*** DATA FOR REVIEW Section Begins ***

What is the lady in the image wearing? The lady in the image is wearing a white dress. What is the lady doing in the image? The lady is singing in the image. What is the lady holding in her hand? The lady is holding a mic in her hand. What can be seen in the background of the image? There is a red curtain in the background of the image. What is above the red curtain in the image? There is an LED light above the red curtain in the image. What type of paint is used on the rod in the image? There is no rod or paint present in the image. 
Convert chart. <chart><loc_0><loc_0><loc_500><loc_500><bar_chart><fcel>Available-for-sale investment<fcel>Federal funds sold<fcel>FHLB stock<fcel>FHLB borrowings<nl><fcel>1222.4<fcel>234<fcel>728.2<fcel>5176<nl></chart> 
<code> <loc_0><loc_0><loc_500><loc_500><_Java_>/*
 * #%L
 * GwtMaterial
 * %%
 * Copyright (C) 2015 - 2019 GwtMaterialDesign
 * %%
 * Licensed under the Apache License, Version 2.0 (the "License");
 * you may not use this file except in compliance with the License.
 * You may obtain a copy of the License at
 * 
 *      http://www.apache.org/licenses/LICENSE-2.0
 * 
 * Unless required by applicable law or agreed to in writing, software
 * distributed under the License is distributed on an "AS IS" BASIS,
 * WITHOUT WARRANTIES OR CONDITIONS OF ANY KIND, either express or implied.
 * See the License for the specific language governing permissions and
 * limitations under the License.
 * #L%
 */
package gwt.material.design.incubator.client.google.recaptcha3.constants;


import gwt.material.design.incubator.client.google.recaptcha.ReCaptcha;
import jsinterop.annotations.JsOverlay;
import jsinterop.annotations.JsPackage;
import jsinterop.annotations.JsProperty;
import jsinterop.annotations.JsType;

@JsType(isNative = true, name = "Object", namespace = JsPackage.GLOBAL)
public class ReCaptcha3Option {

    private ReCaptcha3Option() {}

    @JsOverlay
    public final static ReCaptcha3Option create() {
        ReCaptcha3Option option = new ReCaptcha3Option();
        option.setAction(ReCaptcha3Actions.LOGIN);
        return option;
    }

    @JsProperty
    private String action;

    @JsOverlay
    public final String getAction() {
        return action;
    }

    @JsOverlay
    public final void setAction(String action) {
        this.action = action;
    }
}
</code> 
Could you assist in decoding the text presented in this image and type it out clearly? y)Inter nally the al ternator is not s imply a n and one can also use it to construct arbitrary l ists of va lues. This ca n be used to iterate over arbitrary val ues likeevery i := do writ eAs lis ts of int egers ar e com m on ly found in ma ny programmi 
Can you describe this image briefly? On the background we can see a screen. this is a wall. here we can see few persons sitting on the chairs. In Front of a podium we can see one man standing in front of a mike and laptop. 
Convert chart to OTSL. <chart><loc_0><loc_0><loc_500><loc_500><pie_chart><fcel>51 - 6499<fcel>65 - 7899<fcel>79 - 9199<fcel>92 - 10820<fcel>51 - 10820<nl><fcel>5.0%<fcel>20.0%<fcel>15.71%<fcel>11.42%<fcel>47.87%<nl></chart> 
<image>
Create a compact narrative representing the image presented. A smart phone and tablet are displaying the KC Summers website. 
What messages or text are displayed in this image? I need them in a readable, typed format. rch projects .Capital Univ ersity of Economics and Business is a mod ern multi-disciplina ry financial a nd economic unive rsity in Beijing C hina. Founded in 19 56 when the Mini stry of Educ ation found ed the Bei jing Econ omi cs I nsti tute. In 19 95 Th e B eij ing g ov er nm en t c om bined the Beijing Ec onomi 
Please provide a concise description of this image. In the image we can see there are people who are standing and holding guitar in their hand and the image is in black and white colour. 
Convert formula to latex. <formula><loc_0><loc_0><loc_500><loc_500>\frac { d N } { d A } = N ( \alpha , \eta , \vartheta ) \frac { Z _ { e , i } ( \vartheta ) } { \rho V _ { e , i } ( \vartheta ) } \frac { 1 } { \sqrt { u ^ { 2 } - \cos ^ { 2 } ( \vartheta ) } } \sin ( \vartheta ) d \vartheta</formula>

*** DATA FOR REVIEW Section Ends ***

_PROBLEM_
Transcribe the data. Leave every line exactly as it is.

_FINAL ANSWER_
What is the lady in the image wearing? The lady in the image is wearing a white dress. What is the lady doing in the image? The lady is singing in the image. What is the lady holding in her hand? The lady is holding a mic in her hand. What can be seen in the background of the image? There is a red curtain in the background of the image. What is above the red curtain in the image? There is an LED light above the red curtain in the image. What type of paint is used on the rod in the image? There is no rod or paint present in the image. 
Convert chart. <chart><loc_0><loc_0><loc_500><loc_500><bar_chart><fcel>Available-for-sale investment<fcel>Federal funds sold<fcel>FHLB stock<fcel>FHLB borrowings<nl><fcel>1222.4<fcel>234<fcel>728.2<fcel>5176<nl></chart> 
<code> <loc_0><loc_0><loc_500><loc_500><_Java_>/*
 * #%L
 * GwtMaterial
 * %%
 * Copyright (C) 2015 - 2019 GwtMaterialDesign
 * %%
 * Licensed under the Apache License, Version 2.0 (the "License");
 * you may not use this file except in compliance with the License.
 * You may obtain a copy of the License at
 * 
 *      http://www.apache.org/licenses/LICENSE-2.0
 * 
 * Unless required by applicable law or agreed to in writing, software
 * distributed under the License is distributed on an "AS IS" BASIS,
 * WITHOUT WARRANTIES OR CONDITIONS OF ANY KIND, either express or implied.
 * See the License for the specific language governing permissions and
 * limitations under the License.
 * #L%
 */
package gwt.material.design.incubator.client.google.recaptcha3.constants;


import gwt.material.design.incubator.client.google.recaptcha.ReCaptcha;
import jsinterop.annotations.JsOverlay;
import jsinterop.annotations.JsPackage;
import jsinterop.annotations.JsProperty;
import jsinterop.annotations.JsType;

@JsType(isNative = true, name = "Object", namespace = JsPackage.GLOBAL)
public class ReCaptcha3Option {

    private ReCaptcha3Option() {}

    @JsOverlay
    public final static ReCaptcha3Option create() {
        ReCaptcha3Option option = new ReCaptcha3Option();
        option.setAction(ReCaptcha3Actions.LOGIN);
        return option;
    }

    @JsProperty
    private String action;

    @JsOverlay
    public final String getAction() {
        return action;
    }

    @JsOverlay
    public final void setAction(String action) {
        this.action = action;
    }
}
</code> 
Could you assist in decoding the text presented in this image and type it out clearly? y)Inter nally the al ternator is not s imply a n and one can also use it to construct arbitrary l ists of va lues. This ca n be used to iterate over arbitrary val ues likeevery i := do writ eAs lis ts of int egers ar e com m on ly found in ma ny programmi 
Can you describe this image briefly? On the background we can see a screen. this is a wall. here we can see few persons sitting on the chairs. In Front of a podium we can see one man standing in front of a mike and laptop. 
Convert chart to OTSL. <chart><loc_0><loc_0><loc_500><loc_500><pie_chart><fcel>51 - 6499<fcel>65 - 7899<fcel>79 - 9199<fcel>92 - 10820<fcel>51 - 10820<nl><fcel>5.0%<fcel>20.0%<fcel>15.71%<fcel>11.42%<fcel>47.87%<nl></chart> 
<image>
Create a compact narrative representing the image presented. A smart phone and tablet are displaying the KC Summers website. 
What messages or text are displayed in this image? I need them in a readable, typed format. rch projects .Capital Univ ersity of Economics and Business is a mod ern multi-disciplina ry financial a nd economic unive rsity in Beijing C hina. Founded in 19 56 when the Mini stry of Educ ation found ed the Bei jing Econ omi cs I nsti tute. In 19 95 Th e B eij ing g ov er nm en t c om bined the Beijing Ec onomi 
Please provide a concise description of this image. In the image we can see there are people who are standing and holding guitar in their hand and the image is in black and white colour. 
Convert formula to latex. <formula><loc_0><loc_0><loc_500><loc_500>\frac { d N } { d A } = N ( \alpha , \eta , \vartheta ) \frac { Z _ { e , i } ( \vartheta ) } { \rho V _ { e , i } ( \vartheta ) } \frac { 1 } { \sqrt { u ^ { 2 } - \cos ^ { 2 } ( \vartheta ) } } \sin ( \vartheta ) d \vartheta</formula>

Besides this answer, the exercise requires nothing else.